» **Task description**:
Output only the lines of the entries that follow, starting at the one with "18) cardboard box [210,730,381,1025]" and running down to the one with "26) plastic bottle [1811,174,1852,219]", both included and unchanged.

» **Records for the exercise**:
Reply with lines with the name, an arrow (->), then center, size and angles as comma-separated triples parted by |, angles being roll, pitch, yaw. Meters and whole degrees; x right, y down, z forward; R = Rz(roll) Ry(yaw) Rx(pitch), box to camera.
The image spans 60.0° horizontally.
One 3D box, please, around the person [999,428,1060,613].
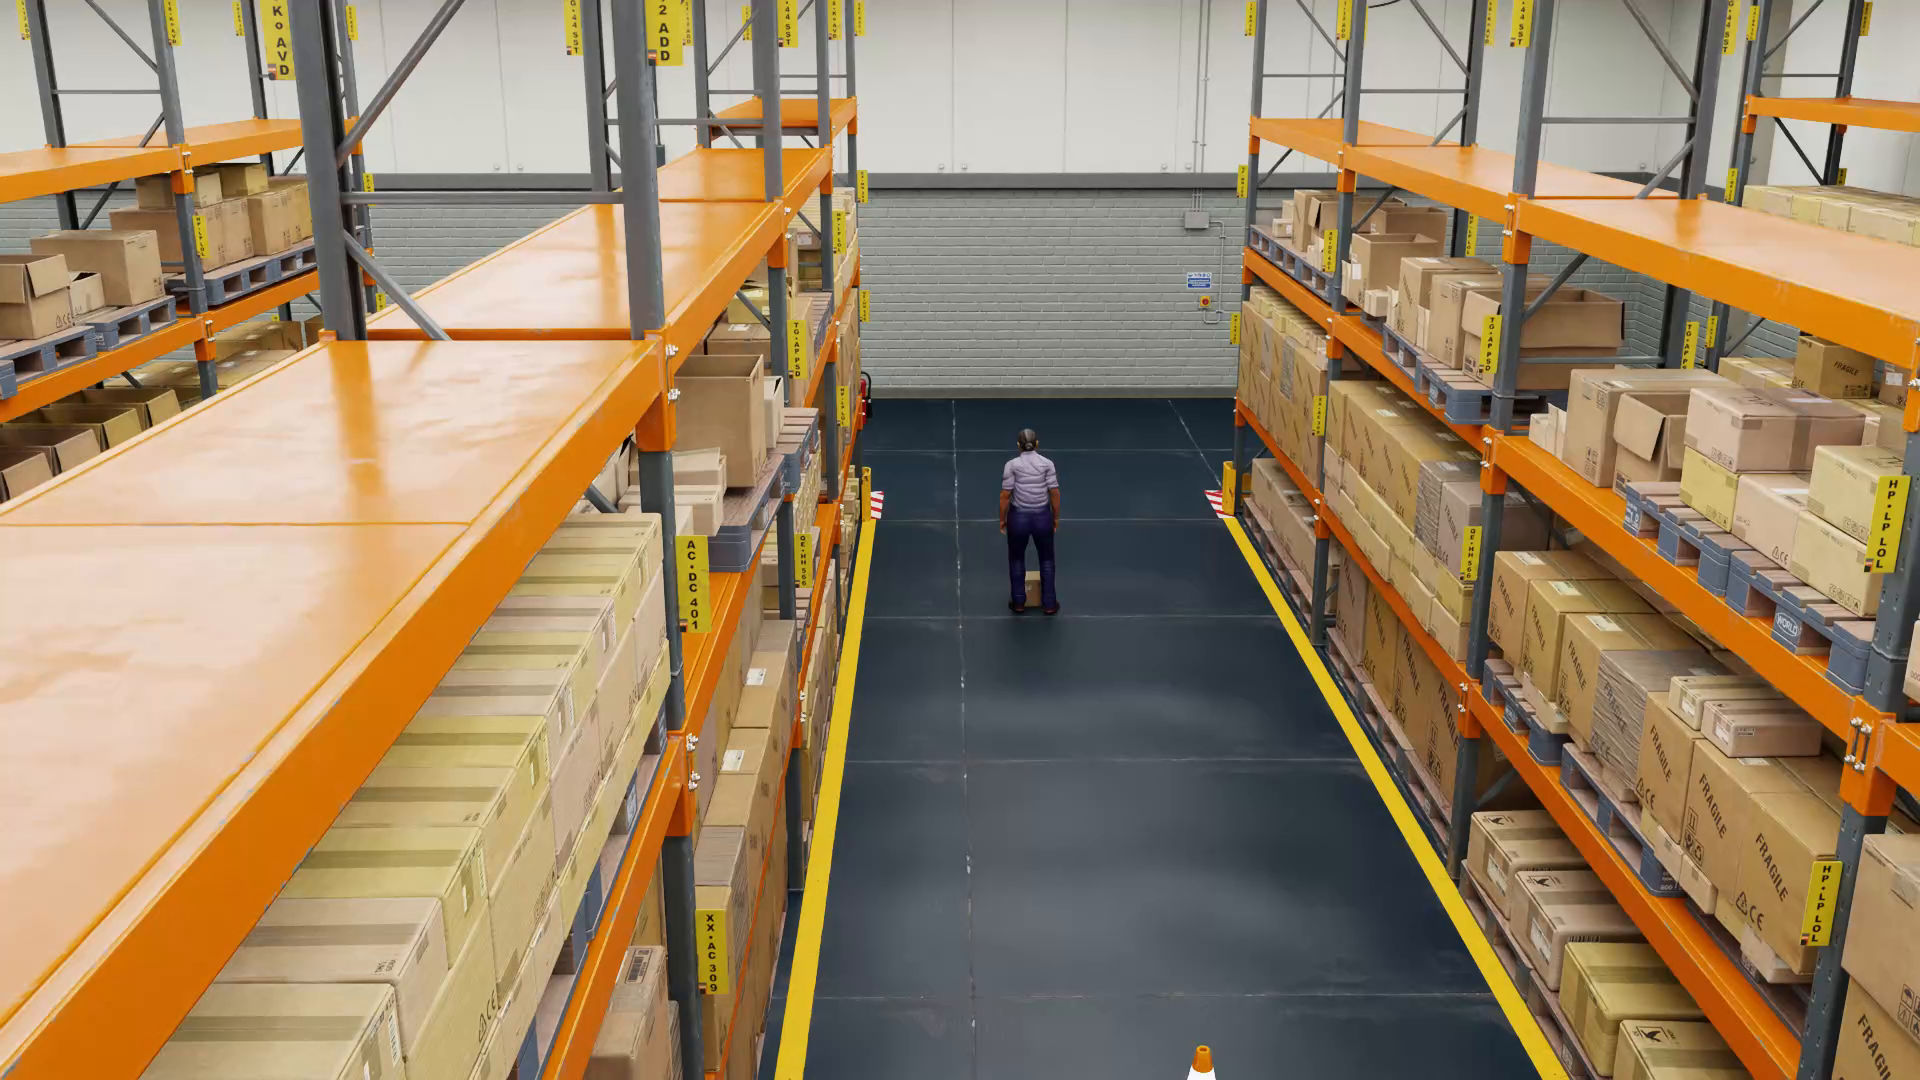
* * *
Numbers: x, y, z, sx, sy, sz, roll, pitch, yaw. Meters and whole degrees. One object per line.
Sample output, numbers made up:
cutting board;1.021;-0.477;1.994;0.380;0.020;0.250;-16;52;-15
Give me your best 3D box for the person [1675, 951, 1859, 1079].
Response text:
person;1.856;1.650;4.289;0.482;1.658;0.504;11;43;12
==
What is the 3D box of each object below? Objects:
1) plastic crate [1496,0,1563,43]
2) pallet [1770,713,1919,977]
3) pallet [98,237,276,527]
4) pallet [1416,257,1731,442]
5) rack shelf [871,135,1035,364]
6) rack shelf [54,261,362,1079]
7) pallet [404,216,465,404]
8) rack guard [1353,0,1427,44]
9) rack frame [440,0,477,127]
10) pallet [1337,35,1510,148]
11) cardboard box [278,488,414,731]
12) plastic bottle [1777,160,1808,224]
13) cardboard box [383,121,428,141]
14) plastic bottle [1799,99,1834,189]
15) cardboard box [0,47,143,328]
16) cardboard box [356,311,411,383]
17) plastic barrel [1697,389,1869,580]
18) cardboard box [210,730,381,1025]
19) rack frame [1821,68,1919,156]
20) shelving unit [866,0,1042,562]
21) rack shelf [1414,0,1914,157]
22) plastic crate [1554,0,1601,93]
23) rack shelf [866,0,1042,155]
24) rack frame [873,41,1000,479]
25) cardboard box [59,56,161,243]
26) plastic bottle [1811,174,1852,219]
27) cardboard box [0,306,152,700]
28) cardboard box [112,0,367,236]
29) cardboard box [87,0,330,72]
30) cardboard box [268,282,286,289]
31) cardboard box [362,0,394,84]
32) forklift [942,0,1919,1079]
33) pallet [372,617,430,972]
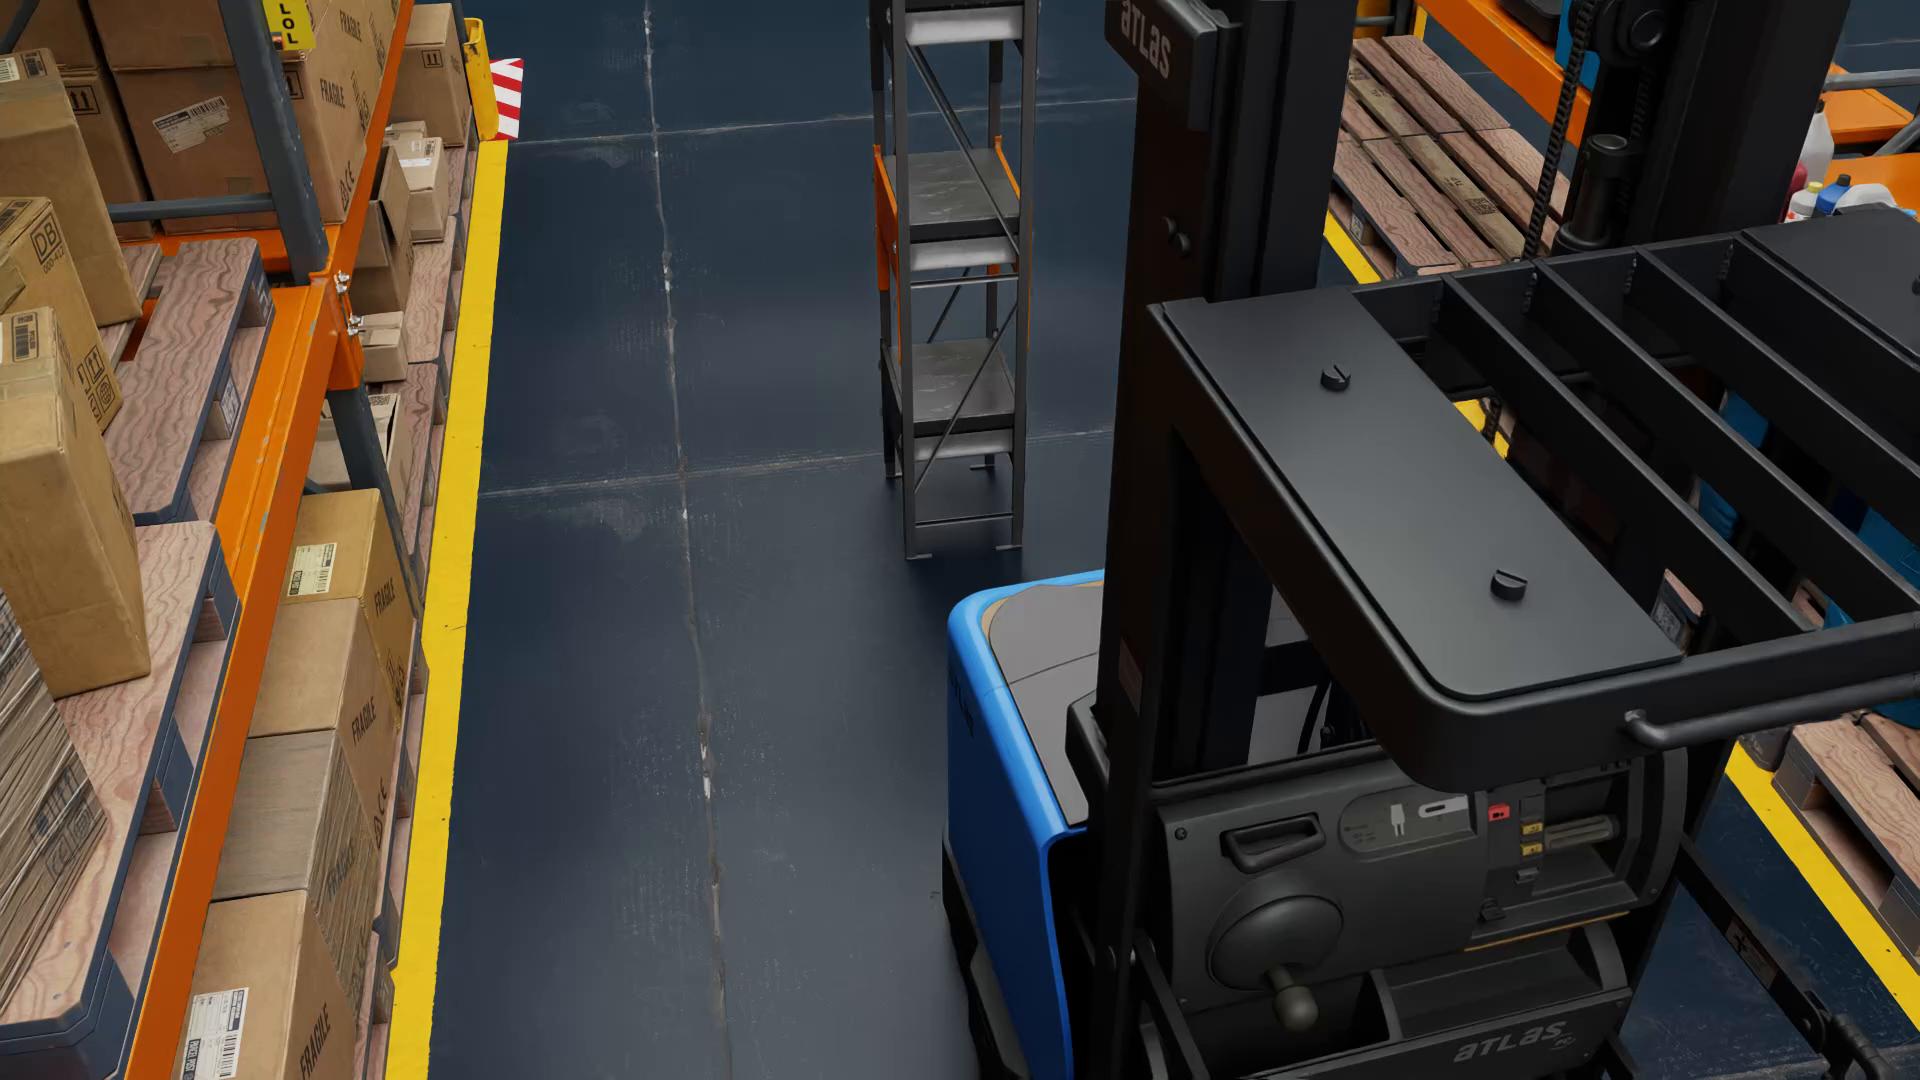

» **Response box**:
18) cardboard box [210,730,381,1025]
19) rack frame [1821,68,1919,156]
20) shelving unit [866,0,1042,562]
21) rack shelf [1414,0,1914,157]
22) plastic crate [1554,0,1601,93]
23) rack shelf [866,0,1042,155]
24) rack frame [873,41,1000,479]
25) cardboard box [59,56,161,243]
26) plastic bottle [1811,174,1852,219]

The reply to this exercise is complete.